Source data:
# # # #

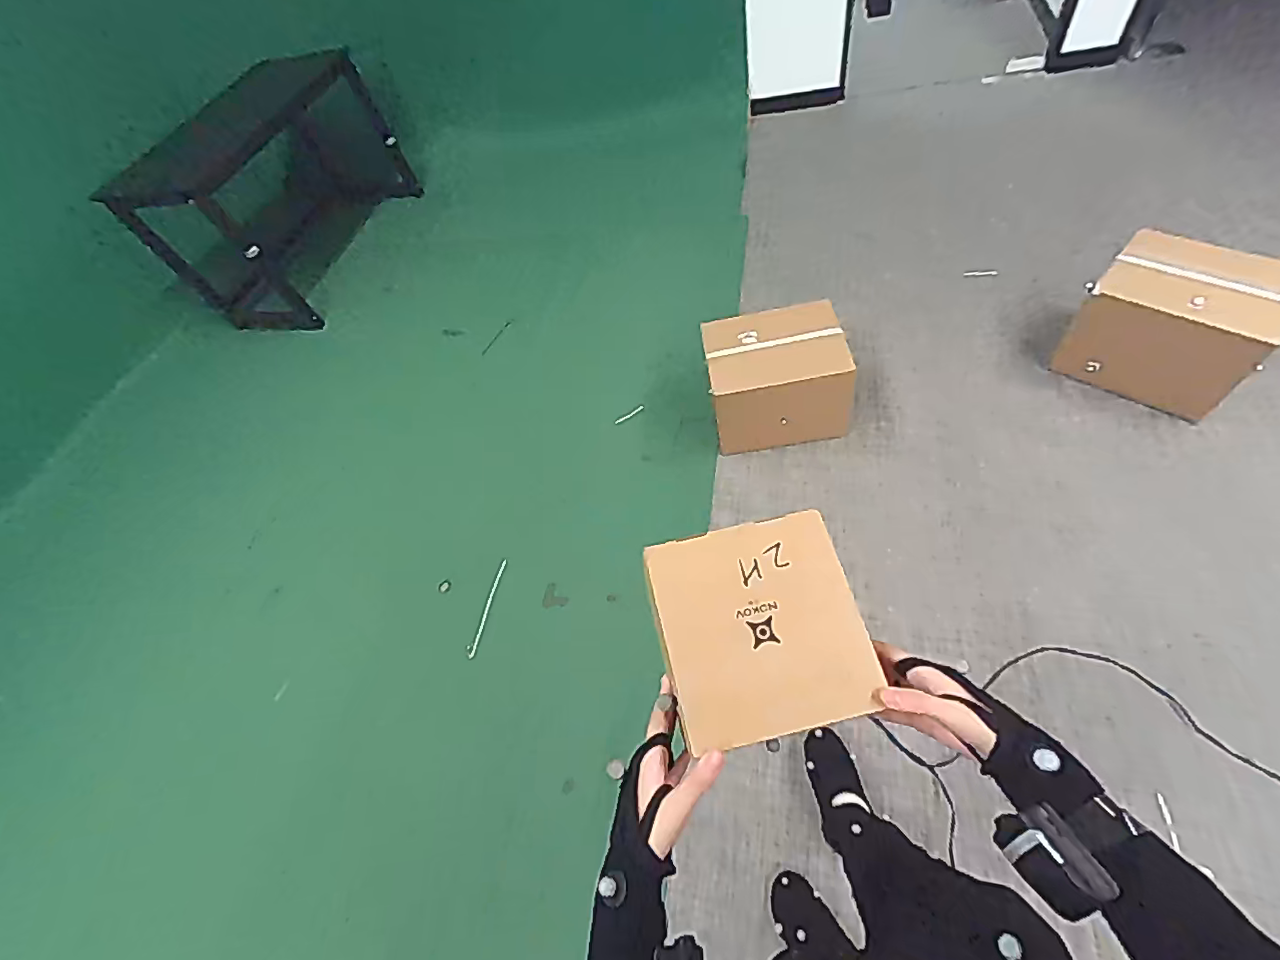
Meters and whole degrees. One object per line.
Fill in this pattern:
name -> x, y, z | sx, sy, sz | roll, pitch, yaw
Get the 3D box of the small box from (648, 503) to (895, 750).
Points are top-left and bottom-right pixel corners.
small box -> 0.106, 0.145, 0.521 | 0.168, 0.176, 0.179 | -12, 65, -4

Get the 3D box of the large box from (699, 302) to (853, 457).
large box -> 0.423, -0.311, 1.731 | 0.408, 0.320, 0.320 | -10, 55, 8
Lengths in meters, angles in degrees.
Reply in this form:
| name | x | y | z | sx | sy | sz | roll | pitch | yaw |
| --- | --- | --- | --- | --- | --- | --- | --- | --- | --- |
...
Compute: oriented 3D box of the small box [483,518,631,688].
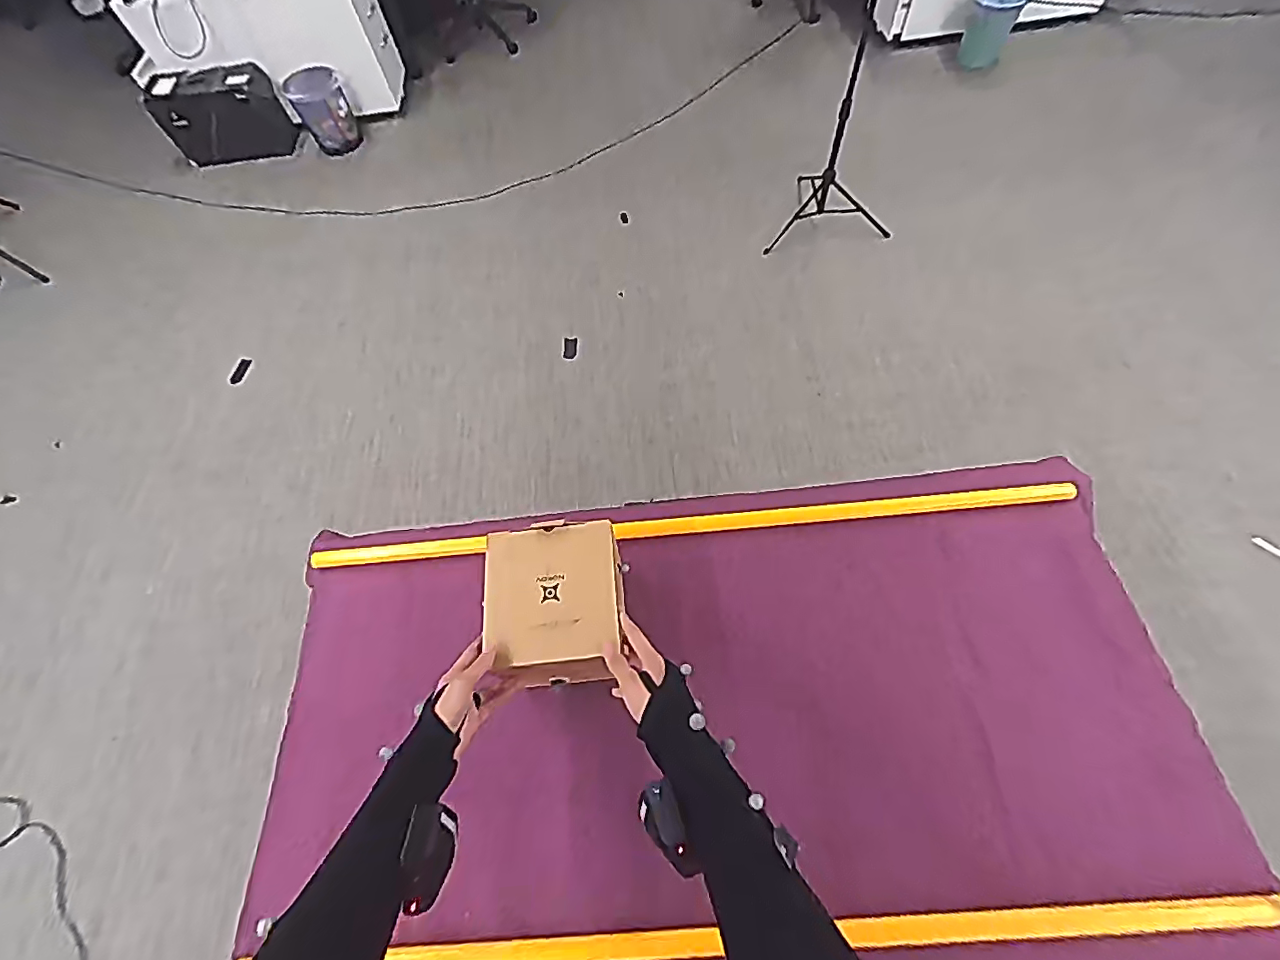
| name | x | y | z | sx | sy | sz | roll | pitch | yaw |
| --- | --- | --- | --- | --- | --- | --- | --- | --- | --- |
| small box | -0.105 | 0.172 | 0.736 | 0.168 | 0.176 | 0.179 | -7 | 61 | 0 |

# # # #

• WHAT NEEDS TO BE DONE: Each line of the data that contains "degrees" belongs in the answer.

• EXPECTED OUTPUT:
Meters and whole degrees. One object per line.
Lengths in meters, angles in degrees.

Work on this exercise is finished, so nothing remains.